Crystal violet staining

After removal, teeth were gently washed three times with PBS buffer. PBS was blotted, and 1 mL of 4% paraformaldehyde was added per well for fixation for 15 min. Then, 1 mL of 0.1% crystal violet (Beyotime; C0121; Beyotime Biotechnology; Shanghai, China) was added for staining for 15 min. The tooth block was removed from the silicone rubber, rinsed with PBS, and dried. Each well received 1 mL of 95% ethanol for decolorization, placed on a shaker (MIX-1500; Shenzhen Huinuo Biotechnology Co. Ltd.; Shenzhen, China) for complete dissolution for 30 min, and 200 μL from each well was transferred to a 96-well plate for optical density measurement at a wavelength of 595 nm with microcoder (SpectraMax iD3; Molecular Devices; Sunnyvale; USA).

Artificial enamel caries formation

The selected teeth were immersed in demineralizing solution (2.2 mM KH2PO4, 2.2 mM CaCl2, 50 mM acetic acid, pH 4.422) at 37 °C for 96 h to produce artificial enamel caries under continuous, incubator shaker (100 rpm; MIULAB; ES-60; MIULAB; Hanzhou, China).
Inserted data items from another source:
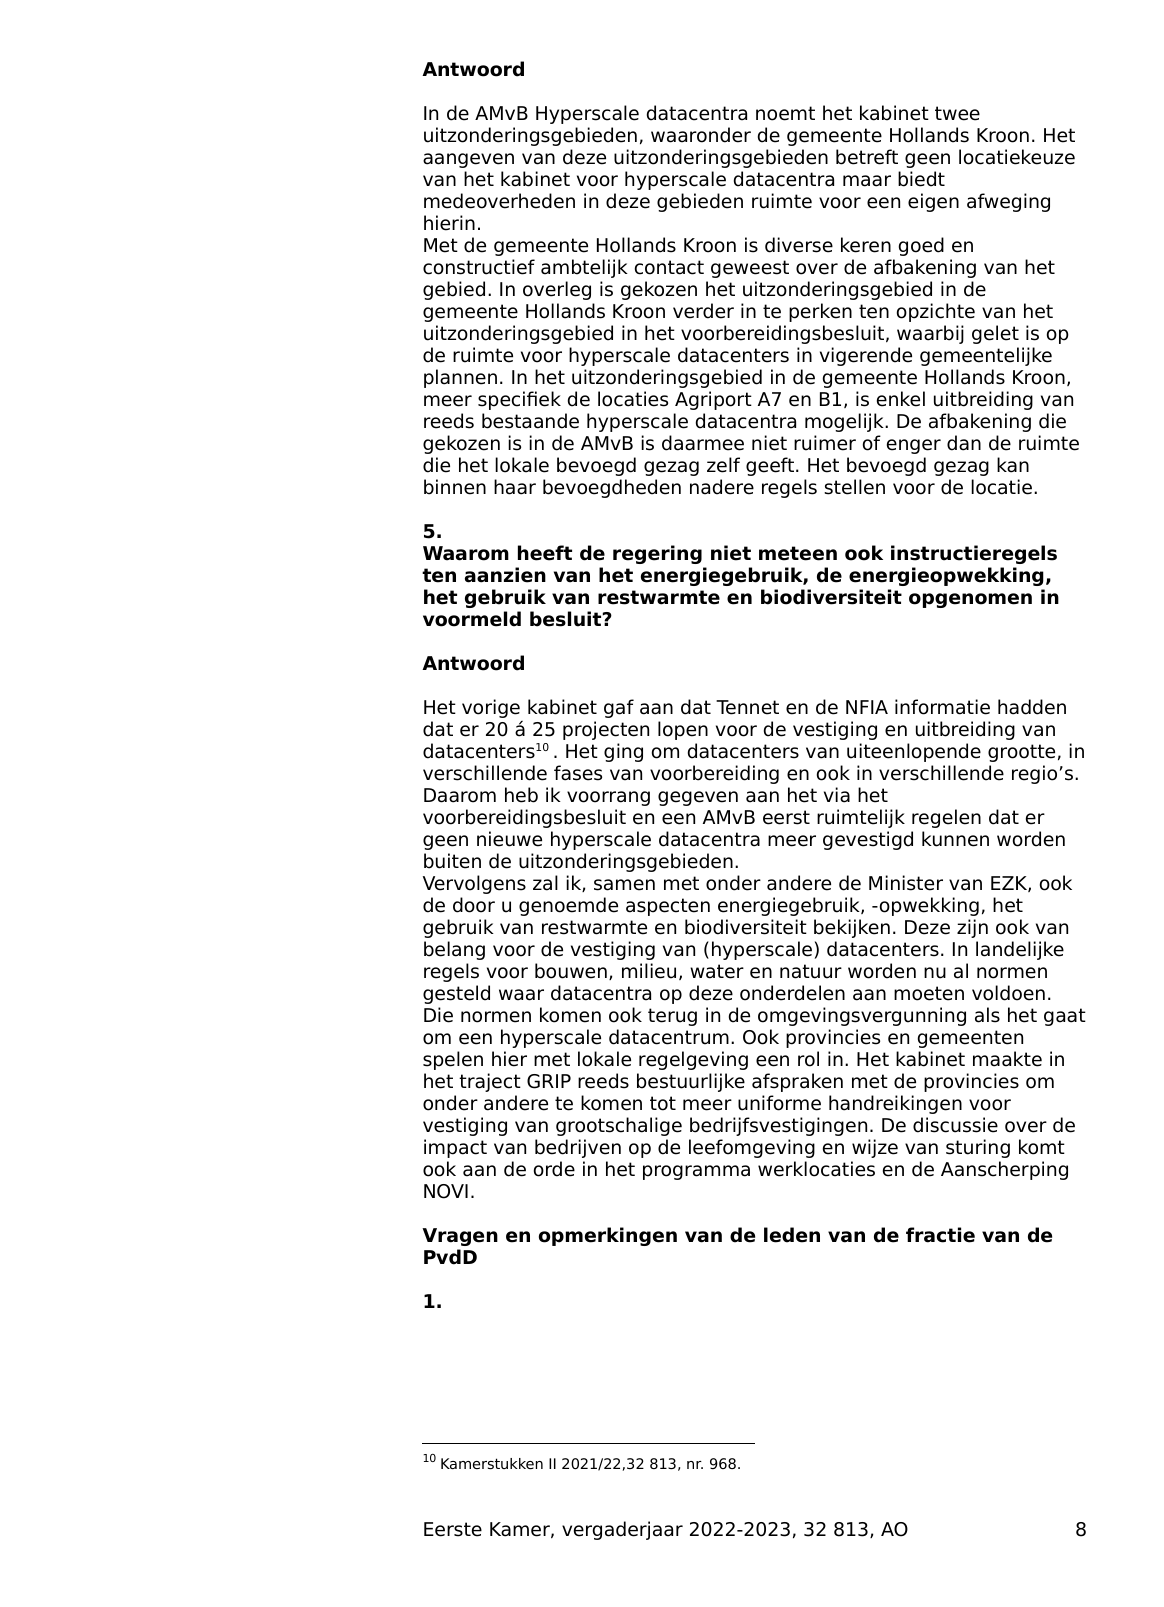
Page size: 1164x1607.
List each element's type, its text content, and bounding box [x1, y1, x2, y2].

text Vervolgens zal ik, samen met onder andere de Minister van EZK, ook de door u genoemde aspecten energiegebruik, -opwekking, het gebruik van restwarmte en biodiversiteit bekijken. Deze zijn ook van belang voor de vestiging van (hyperscale) datacenters. In landelijke regels voor bouwen, milieu, water en natuur worden nu al normen gesteld waar datacentra op deze onderdelen aan moeten voldoen. Die normen komen ook terug in de omgevingsvergunning als het gaat om een hyperscale datacentrum. Ook provincies en gemeenten spelen hier met lokale regelgeving een rol in. Het kabinet maakte in het traject GRIP reeds bestuurlijke afspraken met de provincies om onder andere te komen tot meer uniforme handreikingen voor vestiging van grootschalige bedrijfsvestigingen. De discussie over de impact van bedrijven op de leefomgeving en wijze van sturing komt ook aan de orde in het programma werklocaties en de Aanscherping NOVI. [422, 873, 1087, 1203]
subtitle Vragen en opmerkingen van de leden van de fractie van de PvdD [422, 1225, 1087, 1269]
subtitle Antwoord [422, 59, 1087, 81]
text Kamerstukken II 2021/22,32 813, nr. 968. [422, 1452, 1087, 1474]
subtitle Antwoord [422, 653, 1087, 675]
text In de AMvB Hyperscale datacentra noemt het kabinet twee uitzonderingsgebieden, waaronder de gemeente Hollands Kroon. Het aangeven van deze uitzonderingsgebieden betreft geen locatiekeuze van het kabinet voor hyperscale datacentra maar biedt medeoverheden in deze gebieden ruimte voor een eigen afweging hierin. [422, 103, 1087, 235]
text Met de gemeente Hollands Kroon is diverse keren goed en constructief ambtelijk contact geweest over de afbakening van het gebied. In overleg is gekozen het uitzonderingsgebied in de gemeente Hollands Kroon verder in te perken ten opzichte van het uitzonderingsgebied in het voorbereidingsbesluit, waarbij gelet is op de ruimte voor hyperscale datacenters in vigerende gemeentelijke plannen. In het uitzonderingsgebied in de gemeente Hollands Kroon, meer specifiek de locaties Agriport A7 en B1, is enkel uitbreiding van reeds bestaande hyperscale datacentra mogelijk. De afbakening die gekozen is in de AMvB is daarmee niet ruimer of enger dan de ruimte die het lokale bevoegd gezag zelf geeft. Het bevoegd gezag kan binnen haar bevoegdheden nadere regels stellen voor de locatie. [422, 235, 1087, 499]
text 5. [422, 521, 1087, 543]
text Het vorige kabinet gaf aan dat Tennet en de NFIA informatie hadden dat er 20 á 25 projecten lopen voor de vestiging en uitbreiding van datacenters. Het ging om datacenters van uiteenlopende grootte, in verschillende fases van voorbereiding en ook in verschillende regio’s. Daarom heb ik voorrang gegeven aan het via het voorbereidingsbesluit en een AMvB eerst ruimtelijk regelen dat er geen nieuwe hyperscale datacentra meer gevestigd kunnen worden buiten de uitzonderingsgebieden. [422, 697, 1087, 873]
text Waarom heeft de regering niet meteen ook instructieregels ten aanzien van het energiegebruik, de energieopwekking, het gebruik van restwarmte en biodiversiteit opgenomen in voormeld besluit? [422, 543, 1087, 631]
text 1. [422, 1291, 1087, 1313]
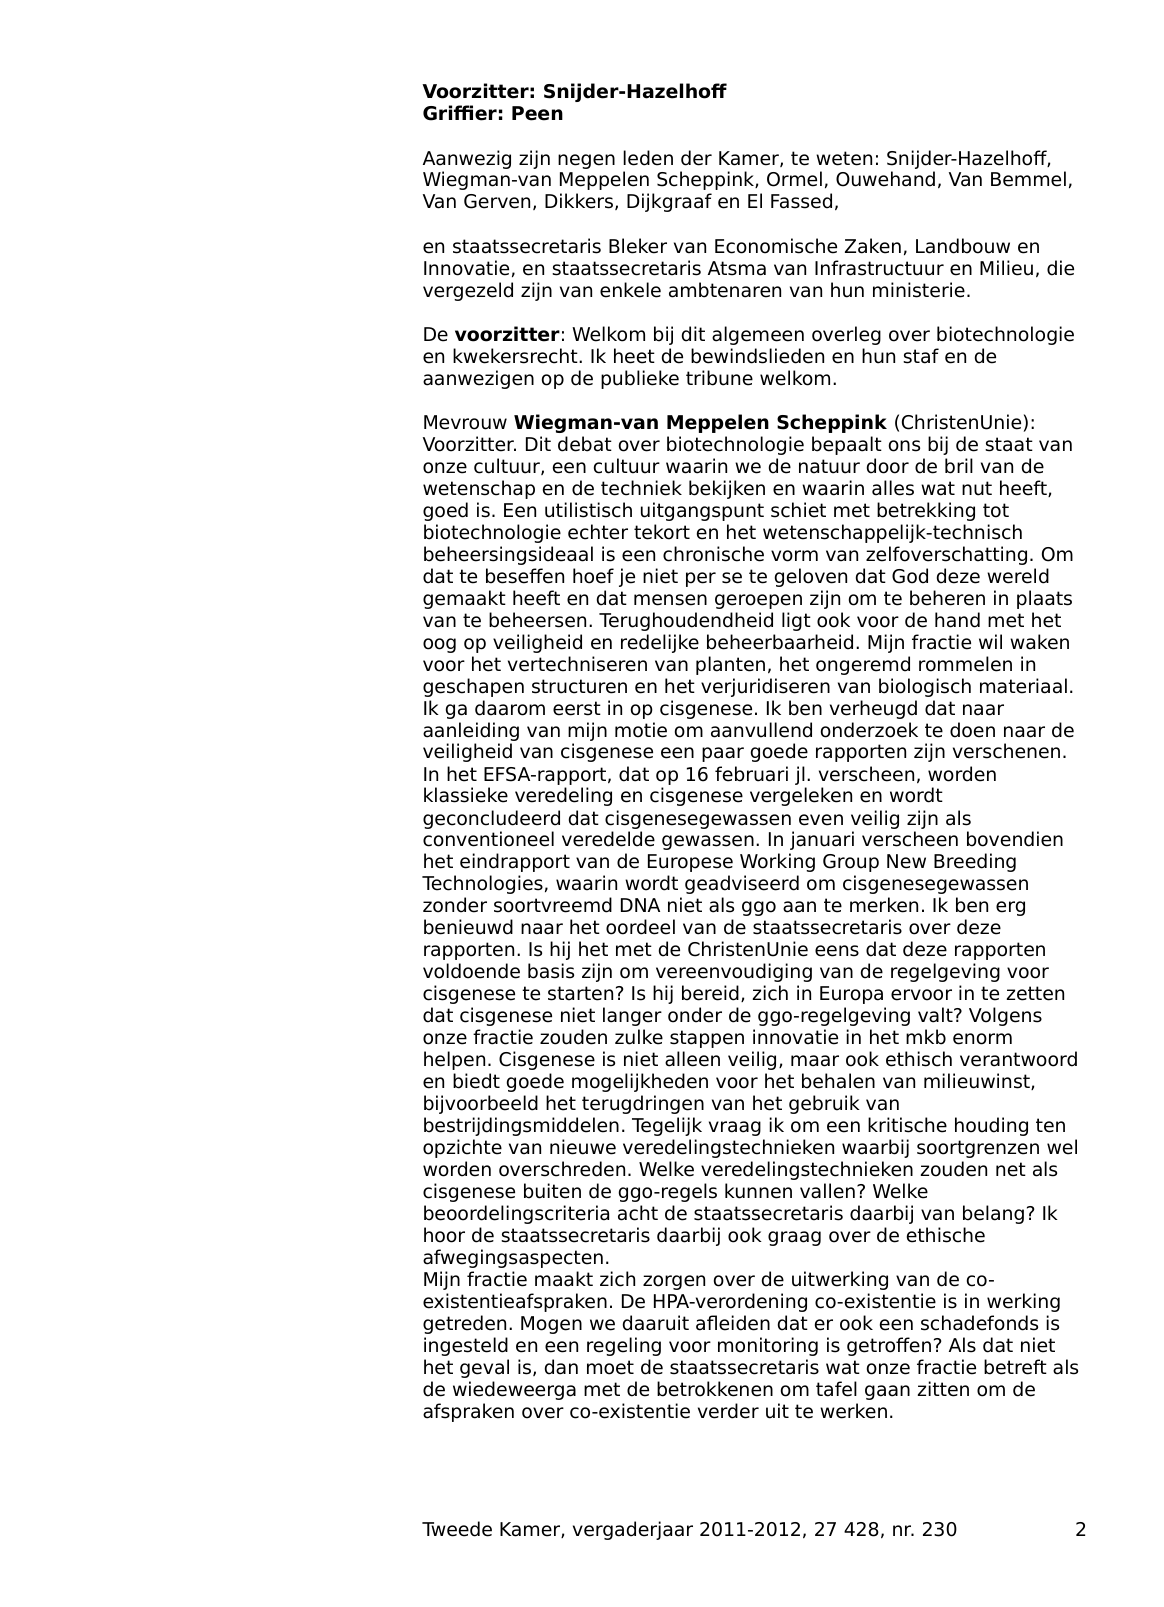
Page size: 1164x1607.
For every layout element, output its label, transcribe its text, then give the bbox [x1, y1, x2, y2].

text Griffier: Peen [422, 103, 1087, 125]
text De voorzitter: Welkom bij dit algemeen overleg over biotechnologie en kwekersrecht. Ik heet de bewindslieden en hun staf en de aanwezigen op de publieke tribune welkom. [422, 324, 1087, 389]
text en staatssecretaris Bleker van Economische Zaken, Landbouw en Innovatie, en staatssecretaris Atsma van Infrastructuur en Milieu, die vergezeld zijn van enkele ambtenaren van hun ministerie. [422, 236, 1087, 301]
text Mevrouw Wiegman-van Meppelen Scheppink (ChristenUnie): Voorzitter. Dit debat over biotechnologie bepaalt ons bij de staat van onze cultuur, een cultuur waarin we de natuur door de bril van de wetenschap en de techniek bekijken en waarin alles wat nut heeft, goed is. Een utilistisch uitgangspunt schiet met betrekking tot biotechnologie echter tekort en het wetenschappelijk-technisch beheersingsideaal is een chronische vorm van zelfoverschatting. Om dat te beseffen hoef je niet per se te geloven dat God deze wereld gemaakt heeft en dat mensen geroepen zijn om te beheren in plaats van te beheersen. Terughoudendheid ligt ook voor de hand met het oog op veiligheid en redelijke beheerbaarheid. Mijn fractie wil waken voor het vertechniseren van planten, het ongeremd rommelen in geschapen structuren en het verjuridiseren van biologisch materiaal. [422, 412, 1087, 697]
text Aanwezig zijn negen leden der Kamer, te weten: Snijder-Hazelhoff, Wiegman-van Meppelen Scheppink, Ormel, Ouwehand, Van Bemmel, Van Gerven, Dikkers, Dijkgraaf en El Fassed, [422, 147, 1087, 213]
text Mijn fractie maakt zich zorgen over de uitwerking van de co-existentieafspraken. De HPA-verordening co-existentie is in werking getreden. Mogen we daaruit afleiden dat er ook een schadefonds is ingesteld en een regeling voor monitoring is getroffen? Als dat niet het geval is, dan moet de staatssecretaris wat onze fractie betreft als de wiedeweerga met de betrokkenen om tafel gaan zitten om de afspraken over co-existentie verder uit te werken. [422, 1269, 1087, 1423]
text Voorzitter: Snijder-Hazelhoff [422, 81, 1087, 103]
text Ik ga daarom eerst in op cisgenese. Ik ben verheugd dat naar aanleiding van mijn motie om aanvullend onderzoek te doen naar de veiligheid van cisgenese een paar goede rapporten zijn verschenen. In het EFSA-rapport, dat op 16 februari jl. verscheen, worden klassieke veredeling en cisgenese vergeleken en wordt geconcludeerd dat cisgenesegewassen even veilig zijn als conventioneel veredelde gewassen. In januari verscheen bovendien het eindrapport van de Europese Working Group New Breeding Technologies, waarin wordt geadviseerd om cisgenesegewassen zonder soortvreemd DNA niet als ggo aan te merken. Ik ben erg benieuwd naar het oordeel van de staatssecretaris over deze rapporten. Is hij het met de ChristenUnie eens dat deze rapporten voldoende basis zijn om vereenvoudiging van de regelgeving voor cisgenese te starten? Is hij bereid, zich in Europa ervoor in te zetten dat cisgenese niet langer onder de ggo-regelgeving valt? Volgens onze fractie zouden zulke stappen innovatie in het mkb enorm helpen. Cisgenese is niet alleen veilig, maar ook ethisch verantwoord en biedt goede mogelijkheden voor het behalen van milieuwinst, bijvoorbeeld het terugdringen van het gebruik van bestrijdingsmiddelen. Tegelijk vraag ik om een kritische houding ten opzichte van nieuwe veredelingstechnieken waarbij soortgrenzen wel worden overschreden. Welke veredelingstechnieken zouden net als cisgenese buiten de ggo-regels kunnen vallen? Welke beoordelingscriteria acht de staatssecretaris daarbij van belang? Ik hoor de staatssecretaris daarbij ook graag over de ethische afwegingsaspecten. [422, 697, 1087, 1269]

The tooth surface was painted with 2 layers of acid-resistant nail varnish, leaving an enamel-exposed window of only 4 mm × 3 mm. Then the demineralization of tooth surface was observed with stereomicroscope (ZEISS; Stemi508; Carl Zeiss AG; Oberkochen; GER), and test Vickers microhardness value (HV) calculate SMH% = (SMH0 − SMH1)/SMH0 * 100%.

Detection of demineralization by confocal microscopy

The dental plates were stained with 0.1 mmol/L Rhodamine B (Macklin; R817226; Shanghai Macklin Biochemical Technology Co. Ltd.; Shanghai, China) solution, and the fluorescence penetration was observed under laser confocal microscopy (Olympus; FV3000; Olympus Corporation; Tokyo; JPN) (the red part represents the demineralized penetration area). Keep the shooting conditions of the measured images consistent, image-J software (National Institutes of Health; USA) was used to measure the average fluorescence density.

Statistical analysis

Statistical analysis was performed using SPSS 25.0 software (IBM; New York; USA). If the data followed a normal distribution and variances were equal, One-way ANOVA was employed for inter-group comparison, with the LSD test used for multiple comparisons. If the data did not follow a normal distribution or variances were unequal, the non-parametric Kruskal–Wallis H test was used for between-group comparisons. The significance level for all tests was set at bilateral α = 0.05.